The letter was sent to chief ministers of West Bengal, Bihar, Telangana, Kerala, Tamil Nadu, Jharkhand and Punjab. The dinner was supposed to be held at Kapurthala House in the national capital.

There was no immediate response from the Aam Aadmi Party over the matter.

"It is delightful that 'The Progressive Chief Ministers' Group of India or G-8' will convene for its inaugural meeting and launch in Delhi. It would be great to usher in a new era of inter-state cooperation.

"Let us gather for a dinner meeting in Delhi on the evening of 18th March 2023. This will be our first meeting and it will give us an opportunity to discuss the way forward for the group," the letter from Kejriwal stated.


The Aam Aadmi Party leader suggested that the proposed G-8 grouping can hold a joint press conference and introduce itself to the people of India.

"As has been indicated by many chief ministers, weekend dates would help us avoid inconvenience and overlap with budget sessions," Kejriwal said.

He ended the letter by saying, "Let us come together to mark a new beginning for our states and our country." Sources in the office of West Bengal Chief Minister Mamata Banerjee said the letter was sent on February 5.

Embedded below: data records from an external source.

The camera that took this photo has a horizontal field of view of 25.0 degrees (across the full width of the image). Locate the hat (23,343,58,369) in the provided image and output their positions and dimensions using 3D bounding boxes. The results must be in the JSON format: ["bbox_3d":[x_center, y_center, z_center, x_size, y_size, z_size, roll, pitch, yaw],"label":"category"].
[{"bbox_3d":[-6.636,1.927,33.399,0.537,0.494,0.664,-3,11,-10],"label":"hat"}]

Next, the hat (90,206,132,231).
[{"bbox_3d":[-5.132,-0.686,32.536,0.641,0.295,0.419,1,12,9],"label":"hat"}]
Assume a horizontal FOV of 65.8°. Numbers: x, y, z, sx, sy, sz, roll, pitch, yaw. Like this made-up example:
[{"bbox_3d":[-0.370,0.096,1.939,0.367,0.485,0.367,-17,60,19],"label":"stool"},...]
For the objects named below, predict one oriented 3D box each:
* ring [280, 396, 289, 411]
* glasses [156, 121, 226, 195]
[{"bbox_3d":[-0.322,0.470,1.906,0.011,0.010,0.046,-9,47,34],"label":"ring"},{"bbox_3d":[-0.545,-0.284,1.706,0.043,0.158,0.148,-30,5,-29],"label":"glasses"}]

According to the sources, she toyed with the idea and dropped it at the last moment. Last week Banerjee's Trinamool Congress announced that it would fight the Lok Sabha polls sans the Congress or the BJP after she met Samajwadi Party leader Akhilesh Yadav.

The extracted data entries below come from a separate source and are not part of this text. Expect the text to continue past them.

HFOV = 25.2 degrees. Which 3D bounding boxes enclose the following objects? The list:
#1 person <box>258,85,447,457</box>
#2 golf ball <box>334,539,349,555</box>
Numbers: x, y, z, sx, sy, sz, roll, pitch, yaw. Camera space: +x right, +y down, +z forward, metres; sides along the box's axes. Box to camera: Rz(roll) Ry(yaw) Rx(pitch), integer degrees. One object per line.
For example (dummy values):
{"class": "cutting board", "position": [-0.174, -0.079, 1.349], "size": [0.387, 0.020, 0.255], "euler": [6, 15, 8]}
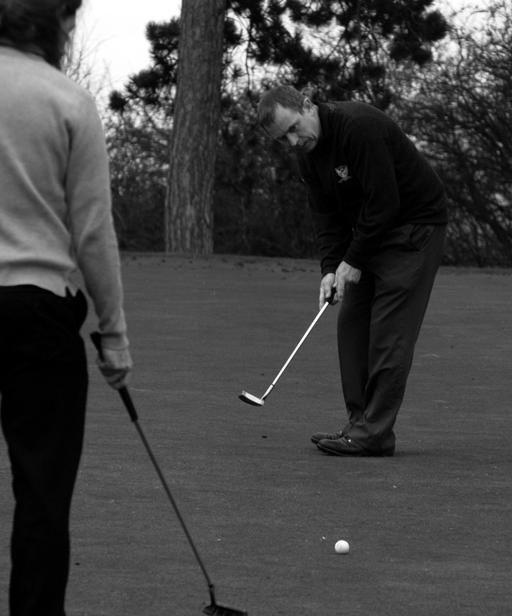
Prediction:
{"class": "person", "position": [0.436, -0.168, 4.922], "size": [0.711, 1.523, 0.596], "euler": [3, 7, 16]}
{"class": "golf ball", "position": [0.260, 0.717, 3.494], "size": [0.034, 0.038, 0.037], "euler": [1, 18, 0]}

Her party's spokesperson, while dismissing talks of a third front, held out the possibility of regional players, including former NDA allies, coming together ahead of the 2024 general elections.

The JD(U), which is ruling in Bihar in alliance with the RJD, has been shy in being seen on the same page with AAP even though Chief Minister Nitish Kumar had met Arvind Kejriwal during his Delhi trip immediately after joining the Mahagathbandhan.

A case in point is the JD(U) not signing a recent letter addressed to Prime Minister Narendra Modi, protesting the CBI action against Manish Sisodia. The JD(U) then appeared to have toed the line taken by Congress, its ally in Bihar.

Kerala CMO and the DMK, which is ruling Tamil Nadu, refused to comment on the matter.